I do not know if what the AP synchronous averaging does is equivalent to REW coherent averaging, it may be.

 

[Holmz]

…
IME (from working on https://www.diyaudio.com/community/...on-compensation-for-measurement-setup.328871/ ) when measuring small distortions, the phases of tiny harmonics vary due to noise too, and coherent averaging reduces them to some extent too, yielding (IMO artificially) better THD numbers than standard averaging.
…

Non-coherent gives the typical measurement noise of 1/SQRT(N), whereas coherent is 1/N.
Pick what N is, but in your example it would be # of FFT “frames”.

 

[DavidR]

I'm trying to tie this with the layman's description of the AP and what Amir uses. In complex math when you rotate, the magnitude remains fixed, phase rotates. Real/reactive components both change accordingly. I'm trying to correlate your two descriptions as they relate to complex math. It's easier if reference for "length" is the magnitude or the real component. But I may be over-thinking this. I may even have my descriptions in reverse for standard/coherent. I may re-read this later after my head clears and update it if needed. Please point out anything that may be incorrect (or inverted by averaging type).

@DavidR: IMO the decision to use coherent or standard/magnitude averaging in REW is important. I do not know exactly what the AP synchronous averaging does, how it does averaging in time domain. But REW does basically this:

Standard/magnitude-based averaging - for each FFT pass the magnitude (i.e. the length) of each bin vector value is averaged.

This sounds like the magnitude component being averaged that does not change with rotation. There would is no need to rotate prior to magnitude component averaging. Ignores phase altogether. Then this is the REW standard (classical) response.

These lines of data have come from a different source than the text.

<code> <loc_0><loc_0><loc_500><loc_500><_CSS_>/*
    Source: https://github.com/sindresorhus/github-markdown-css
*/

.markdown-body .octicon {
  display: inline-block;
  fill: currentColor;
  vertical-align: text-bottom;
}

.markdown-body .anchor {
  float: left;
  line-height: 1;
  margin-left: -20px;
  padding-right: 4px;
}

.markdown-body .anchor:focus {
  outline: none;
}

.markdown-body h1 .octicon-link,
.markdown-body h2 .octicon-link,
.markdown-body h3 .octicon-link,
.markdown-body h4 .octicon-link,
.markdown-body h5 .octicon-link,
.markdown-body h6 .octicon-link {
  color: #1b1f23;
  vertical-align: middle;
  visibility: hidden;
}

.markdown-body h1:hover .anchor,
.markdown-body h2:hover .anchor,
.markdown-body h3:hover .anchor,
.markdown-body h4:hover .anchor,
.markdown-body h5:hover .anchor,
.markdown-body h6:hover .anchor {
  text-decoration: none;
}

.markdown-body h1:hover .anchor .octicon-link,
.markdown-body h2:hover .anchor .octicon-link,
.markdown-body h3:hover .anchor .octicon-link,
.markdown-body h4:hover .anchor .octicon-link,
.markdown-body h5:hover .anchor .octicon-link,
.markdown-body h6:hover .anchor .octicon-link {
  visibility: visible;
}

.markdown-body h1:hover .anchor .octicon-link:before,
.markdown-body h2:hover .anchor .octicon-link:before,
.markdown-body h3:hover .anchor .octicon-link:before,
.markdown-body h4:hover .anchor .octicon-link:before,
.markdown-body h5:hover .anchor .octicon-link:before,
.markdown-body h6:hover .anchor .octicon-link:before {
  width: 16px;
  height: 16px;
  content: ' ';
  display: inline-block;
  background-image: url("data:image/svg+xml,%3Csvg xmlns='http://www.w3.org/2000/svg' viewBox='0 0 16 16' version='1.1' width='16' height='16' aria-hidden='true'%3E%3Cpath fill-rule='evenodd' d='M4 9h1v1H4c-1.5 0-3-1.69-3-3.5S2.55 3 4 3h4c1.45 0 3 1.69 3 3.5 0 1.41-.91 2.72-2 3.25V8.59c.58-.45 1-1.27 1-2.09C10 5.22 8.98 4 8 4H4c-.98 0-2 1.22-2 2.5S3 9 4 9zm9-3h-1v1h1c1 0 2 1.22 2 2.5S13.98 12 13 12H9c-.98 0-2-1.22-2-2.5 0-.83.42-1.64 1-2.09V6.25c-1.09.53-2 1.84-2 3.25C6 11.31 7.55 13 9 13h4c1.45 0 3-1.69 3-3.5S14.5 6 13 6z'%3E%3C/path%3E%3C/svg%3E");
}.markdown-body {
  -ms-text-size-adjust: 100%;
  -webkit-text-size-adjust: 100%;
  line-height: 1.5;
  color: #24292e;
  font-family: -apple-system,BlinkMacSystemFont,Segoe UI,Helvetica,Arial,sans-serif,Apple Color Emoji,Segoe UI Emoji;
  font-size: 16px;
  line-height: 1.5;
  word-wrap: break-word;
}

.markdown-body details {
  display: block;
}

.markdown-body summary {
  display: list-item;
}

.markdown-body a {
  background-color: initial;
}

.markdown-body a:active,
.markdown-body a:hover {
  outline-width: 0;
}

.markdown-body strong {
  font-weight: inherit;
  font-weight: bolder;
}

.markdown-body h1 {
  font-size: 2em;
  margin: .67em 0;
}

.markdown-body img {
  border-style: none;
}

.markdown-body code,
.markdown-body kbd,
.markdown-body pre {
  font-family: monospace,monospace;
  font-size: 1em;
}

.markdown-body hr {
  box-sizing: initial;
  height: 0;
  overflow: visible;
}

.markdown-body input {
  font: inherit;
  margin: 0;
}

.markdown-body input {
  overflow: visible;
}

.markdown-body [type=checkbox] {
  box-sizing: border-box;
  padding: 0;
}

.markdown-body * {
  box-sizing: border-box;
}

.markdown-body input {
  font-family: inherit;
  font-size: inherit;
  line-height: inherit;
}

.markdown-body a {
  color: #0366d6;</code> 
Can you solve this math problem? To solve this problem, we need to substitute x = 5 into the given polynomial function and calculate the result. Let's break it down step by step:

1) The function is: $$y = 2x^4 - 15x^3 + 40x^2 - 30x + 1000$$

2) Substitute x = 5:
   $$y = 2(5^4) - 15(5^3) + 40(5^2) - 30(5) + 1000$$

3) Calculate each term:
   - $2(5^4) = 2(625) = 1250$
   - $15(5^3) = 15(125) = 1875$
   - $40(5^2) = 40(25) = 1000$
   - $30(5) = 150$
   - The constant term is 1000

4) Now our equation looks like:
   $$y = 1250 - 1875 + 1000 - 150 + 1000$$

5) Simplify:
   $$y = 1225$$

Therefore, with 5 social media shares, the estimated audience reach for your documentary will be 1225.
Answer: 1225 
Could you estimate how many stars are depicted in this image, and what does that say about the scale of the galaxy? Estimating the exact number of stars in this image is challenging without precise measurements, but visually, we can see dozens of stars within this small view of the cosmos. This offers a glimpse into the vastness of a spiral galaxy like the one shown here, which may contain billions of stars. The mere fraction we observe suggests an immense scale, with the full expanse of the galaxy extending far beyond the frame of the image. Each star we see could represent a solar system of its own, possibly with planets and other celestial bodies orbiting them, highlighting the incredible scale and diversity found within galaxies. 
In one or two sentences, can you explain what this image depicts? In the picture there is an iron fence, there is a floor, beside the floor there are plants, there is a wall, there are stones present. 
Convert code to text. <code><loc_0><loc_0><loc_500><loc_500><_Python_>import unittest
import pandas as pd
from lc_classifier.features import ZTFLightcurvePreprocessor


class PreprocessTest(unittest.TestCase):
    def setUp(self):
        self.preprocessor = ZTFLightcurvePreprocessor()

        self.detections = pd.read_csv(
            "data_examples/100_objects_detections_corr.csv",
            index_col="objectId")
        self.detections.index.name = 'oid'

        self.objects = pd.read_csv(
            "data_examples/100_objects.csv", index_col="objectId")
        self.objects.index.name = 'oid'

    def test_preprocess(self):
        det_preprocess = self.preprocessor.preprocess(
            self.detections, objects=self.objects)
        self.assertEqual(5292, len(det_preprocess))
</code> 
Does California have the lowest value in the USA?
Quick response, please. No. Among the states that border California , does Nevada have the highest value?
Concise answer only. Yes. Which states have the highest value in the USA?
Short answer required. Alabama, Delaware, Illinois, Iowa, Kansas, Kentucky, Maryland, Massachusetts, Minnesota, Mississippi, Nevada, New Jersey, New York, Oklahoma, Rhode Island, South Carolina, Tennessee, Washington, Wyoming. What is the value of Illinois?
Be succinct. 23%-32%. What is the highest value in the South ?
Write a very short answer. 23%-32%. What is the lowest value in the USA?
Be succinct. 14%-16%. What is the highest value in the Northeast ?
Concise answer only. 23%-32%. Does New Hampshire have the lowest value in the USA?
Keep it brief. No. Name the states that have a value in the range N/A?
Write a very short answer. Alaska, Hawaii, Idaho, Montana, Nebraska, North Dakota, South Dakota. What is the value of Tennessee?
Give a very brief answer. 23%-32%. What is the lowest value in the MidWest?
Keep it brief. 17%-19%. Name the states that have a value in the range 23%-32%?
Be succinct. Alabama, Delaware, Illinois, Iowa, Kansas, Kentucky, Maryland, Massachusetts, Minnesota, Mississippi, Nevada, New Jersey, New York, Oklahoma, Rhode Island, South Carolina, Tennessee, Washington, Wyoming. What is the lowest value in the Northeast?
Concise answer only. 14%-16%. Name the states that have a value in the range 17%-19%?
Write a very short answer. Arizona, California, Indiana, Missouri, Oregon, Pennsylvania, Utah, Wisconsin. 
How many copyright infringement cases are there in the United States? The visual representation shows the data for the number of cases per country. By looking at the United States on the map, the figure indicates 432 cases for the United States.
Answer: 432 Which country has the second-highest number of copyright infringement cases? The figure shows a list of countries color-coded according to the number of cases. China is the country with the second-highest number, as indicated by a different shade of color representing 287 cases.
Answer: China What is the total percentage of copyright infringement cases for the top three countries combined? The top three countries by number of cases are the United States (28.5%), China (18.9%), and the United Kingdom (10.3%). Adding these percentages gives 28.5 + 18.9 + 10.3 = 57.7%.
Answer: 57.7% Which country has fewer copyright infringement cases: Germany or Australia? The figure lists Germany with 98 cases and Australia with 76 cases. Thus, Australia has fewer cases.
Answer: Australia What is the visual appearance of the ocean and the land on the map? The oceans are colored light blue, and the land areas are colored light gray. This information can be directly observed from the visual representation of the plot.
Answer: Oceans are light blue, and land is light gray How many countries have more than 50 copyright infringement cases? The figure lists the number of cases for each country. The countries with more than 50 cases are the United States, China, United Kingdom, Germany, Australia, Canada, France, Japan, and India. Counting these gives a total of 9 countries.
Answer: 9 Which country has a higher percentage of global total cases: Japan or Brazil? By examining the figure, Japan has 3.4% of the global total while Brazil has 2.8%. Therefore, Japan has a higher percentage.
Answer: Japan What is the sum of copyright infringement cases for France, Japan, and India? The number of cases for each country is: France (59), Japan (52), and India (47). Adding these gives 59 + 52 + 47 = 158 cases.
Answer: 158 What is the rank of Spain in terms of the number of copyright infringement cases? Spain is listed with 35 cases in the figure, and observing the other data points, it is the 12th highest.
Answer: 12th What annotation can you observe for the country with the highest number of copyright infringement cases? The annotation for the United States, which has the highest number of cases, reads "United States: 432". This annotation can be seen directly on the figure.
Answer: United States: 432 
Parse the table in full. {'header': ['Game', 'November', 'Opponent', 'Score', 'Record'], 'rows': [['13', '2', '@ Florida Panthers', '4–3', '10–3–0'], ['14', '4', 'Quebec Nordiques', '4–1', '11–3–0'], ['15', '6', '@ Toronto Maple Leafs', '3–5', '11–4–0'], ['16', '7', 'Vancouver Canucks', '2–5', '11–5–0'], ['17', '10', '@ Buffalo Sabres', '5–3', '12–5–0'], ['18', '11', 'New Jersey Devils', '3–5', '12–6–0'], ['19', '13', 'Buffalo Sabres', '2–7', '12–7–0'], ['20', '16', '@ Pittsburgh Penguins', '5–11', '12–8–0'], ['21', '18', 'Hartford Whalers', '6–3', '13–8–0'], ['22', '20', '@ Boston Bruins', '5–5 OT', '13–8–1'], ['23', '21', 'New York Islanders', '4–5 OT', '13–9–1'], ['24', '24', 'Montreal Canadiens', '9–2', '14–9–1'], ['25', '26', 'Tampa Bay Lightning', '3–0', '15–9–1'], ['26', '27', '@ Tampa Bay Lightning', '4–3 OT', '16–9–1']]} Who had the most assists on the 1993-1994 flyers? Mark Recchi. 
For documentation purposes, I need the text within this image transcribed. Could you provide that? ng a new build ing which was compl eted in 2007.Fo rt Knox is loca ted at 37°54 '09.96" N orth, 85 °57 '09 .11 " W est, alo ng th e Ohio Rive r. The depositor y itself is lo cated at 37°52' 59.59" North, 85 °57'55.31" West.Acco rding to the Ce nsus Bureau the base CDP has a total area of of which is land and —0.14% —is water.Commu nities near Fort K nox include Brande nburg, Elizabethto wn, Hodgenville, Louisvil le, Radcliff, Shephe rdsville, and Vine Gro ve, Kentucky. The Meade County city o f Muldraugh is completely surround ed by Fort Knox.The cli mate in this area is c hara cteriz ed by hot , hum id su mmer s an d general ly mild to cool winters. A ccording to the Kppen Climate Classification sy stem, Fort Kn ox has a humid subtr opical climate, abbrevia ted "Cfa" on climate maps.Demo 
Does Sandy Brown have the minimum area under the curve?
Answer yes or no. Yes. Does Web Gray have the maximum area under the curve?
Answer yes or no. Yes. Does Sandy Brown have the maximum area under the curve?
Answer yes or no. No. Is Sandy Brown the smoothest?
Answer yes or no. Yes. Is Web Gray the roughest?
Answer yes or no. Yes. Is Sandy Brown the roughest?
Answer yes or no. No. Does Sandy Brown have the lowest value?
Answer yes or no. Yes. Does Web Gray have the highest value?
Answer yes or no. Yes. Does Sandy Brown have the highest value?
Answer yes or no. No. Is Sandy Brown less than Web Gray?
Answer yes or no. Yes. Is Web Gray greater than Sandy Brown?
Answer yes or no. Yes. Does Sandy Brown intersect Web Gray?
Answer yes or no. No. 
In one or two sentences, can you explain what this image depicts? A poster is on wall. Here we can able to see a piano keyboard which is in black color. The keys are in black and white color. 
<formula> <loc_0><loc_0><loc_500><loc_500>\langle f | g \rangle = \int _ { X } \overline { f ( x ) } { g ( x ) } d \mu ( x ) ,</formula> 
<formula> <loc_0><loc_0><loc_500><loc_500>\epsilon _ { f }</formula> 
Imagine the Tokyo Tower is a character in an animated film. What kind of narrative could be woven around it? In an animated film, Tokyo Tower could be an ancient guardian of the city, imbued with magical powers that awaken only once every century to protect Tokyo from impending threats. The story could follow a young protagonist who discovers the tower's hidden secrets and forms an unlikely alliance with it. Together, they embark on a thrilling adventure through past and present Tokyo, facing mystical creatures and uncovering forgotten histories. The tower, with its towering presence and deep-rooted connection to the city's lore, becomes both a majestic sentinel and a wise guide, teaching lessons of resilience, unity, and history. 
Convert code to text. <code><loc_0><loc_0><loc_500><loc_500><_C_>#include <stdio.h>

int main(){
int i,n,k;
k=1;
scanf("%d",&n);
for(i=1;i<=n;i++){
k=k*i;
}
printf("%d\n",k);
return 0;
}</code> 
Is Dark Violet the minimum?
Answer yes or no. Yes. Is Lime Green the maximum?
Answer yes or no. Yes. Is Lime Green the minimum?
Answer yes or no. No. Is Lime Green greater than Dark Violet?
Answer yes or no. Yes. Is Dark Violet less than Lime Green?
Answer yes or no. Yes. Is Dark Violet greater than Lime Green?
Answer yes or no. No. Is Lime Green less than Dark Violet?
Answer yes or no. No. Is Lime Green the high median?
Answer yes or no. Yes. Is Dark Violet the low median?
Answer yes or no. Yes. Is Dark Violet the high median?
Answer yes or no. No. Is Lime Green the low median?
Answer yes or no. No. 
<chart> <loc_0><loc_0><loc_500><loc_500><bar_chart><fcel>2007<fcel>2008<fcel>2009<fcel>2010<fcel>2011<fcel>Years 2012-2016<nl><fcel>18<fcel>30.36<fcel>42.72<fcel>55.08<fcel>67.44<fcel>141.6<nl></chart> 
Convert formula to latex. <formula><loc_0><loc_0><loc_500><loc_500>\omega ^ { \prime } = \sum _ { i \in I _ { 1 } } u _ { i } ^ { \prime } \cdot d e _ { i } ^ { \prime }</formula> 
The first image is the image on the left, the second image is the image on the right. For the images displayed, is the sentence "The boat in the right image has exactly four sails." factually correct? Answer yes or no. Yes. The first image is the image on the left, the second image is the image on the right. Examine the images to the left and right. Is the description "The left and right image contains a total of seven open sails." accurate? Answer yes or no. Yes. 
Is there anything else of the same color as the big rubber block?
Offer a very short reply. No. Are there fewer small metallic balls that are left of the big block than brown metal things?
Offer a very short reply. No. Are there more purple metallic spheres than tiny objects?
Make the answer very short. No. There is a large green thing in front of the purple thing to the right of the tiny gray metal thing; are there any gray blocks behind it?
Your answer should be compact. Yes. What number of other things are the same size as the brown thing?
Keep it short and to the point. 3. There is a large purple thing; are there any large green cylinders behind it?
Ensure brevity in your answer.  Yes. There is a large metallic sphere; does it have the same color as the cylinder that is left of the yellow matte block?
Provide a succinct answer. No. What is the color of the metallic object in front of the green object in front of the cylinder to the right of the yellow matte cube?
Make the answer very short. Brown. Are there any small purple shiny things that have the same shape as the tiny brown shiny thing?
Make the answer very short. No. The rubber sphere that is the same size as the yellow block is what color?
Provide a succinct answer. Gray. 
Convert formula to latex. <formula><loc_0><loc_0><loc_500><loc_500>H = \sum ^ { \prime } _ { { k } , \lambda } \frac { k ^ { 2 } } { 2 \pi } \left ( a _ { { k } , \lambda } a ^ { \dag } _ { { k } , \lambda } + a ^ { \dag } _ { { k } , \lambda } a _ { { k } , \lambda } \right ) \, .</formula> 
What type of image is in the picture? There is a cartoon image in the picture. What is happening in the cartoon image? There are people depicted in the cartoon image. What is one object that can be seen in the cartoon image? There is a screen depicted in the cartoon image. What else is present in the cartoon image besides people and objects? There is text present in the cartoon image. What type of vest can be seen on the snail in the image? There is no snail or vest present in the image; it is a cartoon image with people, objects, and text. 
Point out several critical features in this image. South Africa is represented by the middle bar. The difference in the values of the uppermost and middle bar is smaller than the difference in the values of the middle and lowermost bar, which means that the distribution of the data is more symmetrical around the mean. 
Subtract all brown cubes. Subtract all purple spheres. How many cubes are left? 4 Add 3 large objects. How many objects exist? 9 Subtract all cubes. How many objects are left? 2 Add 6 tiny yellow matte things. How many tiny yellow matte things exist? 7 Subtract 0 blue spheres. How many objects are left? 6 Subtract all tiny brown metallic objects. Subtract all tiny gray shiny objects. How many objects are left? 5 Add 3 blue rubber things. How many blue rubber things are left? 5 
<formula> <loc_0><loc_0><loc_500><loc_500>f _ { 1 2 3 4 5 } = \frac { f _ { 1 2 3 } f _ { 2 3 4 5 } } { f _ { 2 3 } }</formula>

Coherent averaging - AFAIK in vector analyzers this averaging is called vector averaging - Based on the fundamental phase in the given FFT, measured vectors of all bins are rotated to correspond to e.g. zero phase of the fundamental (basically time-shifting to time corresponding to start of the period of the fundamental frequency). Then all bins are vector-averaged with the previous FFT run, i.e. not only their magnitude/length, but also direction/phase. Since fundamental-related components (i.e. the fundamental and harmonics) are coherent with the fundamental phase, after time-shifting to the "zero time" of the fundamental they will have the same phase at each FFT run, and the averaging will basically average only their magnitude.

It would seem to me that this is the real/reactive components being averaged after rotation since magnitude does not change with rotation, real does. Thus real would change, but never be equal in value to magnitude unless the phase of the harmonic being rotated is equal to the original phase of the fundamental such that the result is phase equal to zero, likely (almost) never the case. Thus the resultant average would tend to be more negative in dB both for the real value and the vector average of a larger real value. This would explain some of the distinctly more negative HD dB components in coherent averaging.

Edit: Rotation prior to averaging would be a key point.
Edit 2: Added underlined text.

All the other bins with components not coherent with the fundamental will have a phase different (basically random) every processed run, and the vector averaging will suppress them much more. This applies not only to random noise, but also to other spectrum components not synchronous with the fundamental - e.g. switched-supply artefacts, artefacts from digital circuits processing, etc.

This has been mentioned to me in other posts and is the one area that is clear and makes perfect sense.

IME (from working on https://www.diyaudio.com/community/...on-compensation-for-measurement-setup.328871/ ) when measuring small distortions, the phases of tiny harmonics vary due to noise too, and coherent averaging reduces them to some extent too, yielding (IMO artificially) better THD numbers than standard averaging.

Same as previous comment.

I do not know if what the AP synchronous averaging does is equivalent to REW coherent averaging, it may be.

This is what I'm hoping to determine. That's why I'd like for Amir to chime in. That is, which AP averaging does he use and how many samples are averaged.

BTW, thanks for the detailed descriptions.